__Saved entries__.
════

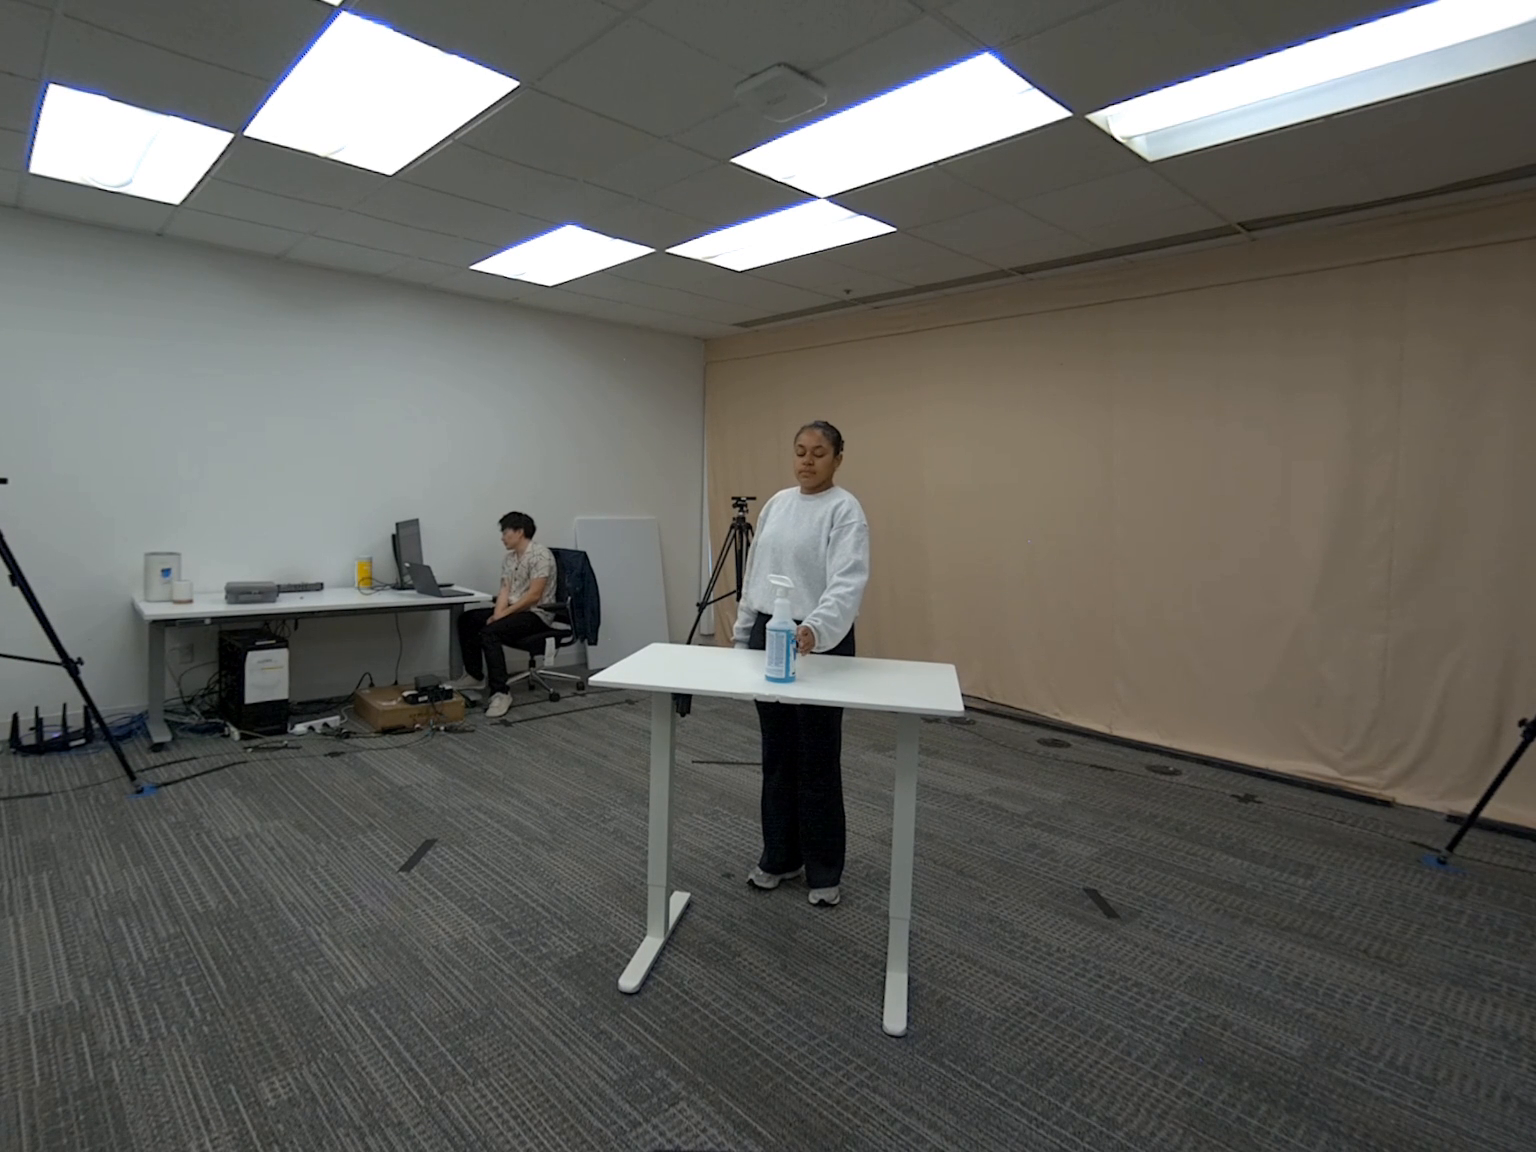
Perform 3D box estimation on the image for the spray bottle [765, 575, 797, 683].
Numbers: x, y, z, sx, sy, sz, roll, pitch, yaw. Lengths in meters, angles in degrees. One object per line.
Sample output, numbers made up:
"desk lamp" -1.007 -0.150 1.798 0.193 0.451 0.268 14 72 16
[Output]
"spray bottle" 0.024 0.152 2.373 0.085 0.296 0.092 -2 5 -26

════

__To do__.
Reproduce exactly the lines from the one with "0.268 14 72 16" through the end of the entries above, both ends included.

__Task result__.
"desk lamp" -1.007 -0.150 1.798 0.193 0.451 0.268 14 72 16
[Output]
"spray bottle" 0.024 0.152 2.373 0.085 0.296 0.092 -2 5 -26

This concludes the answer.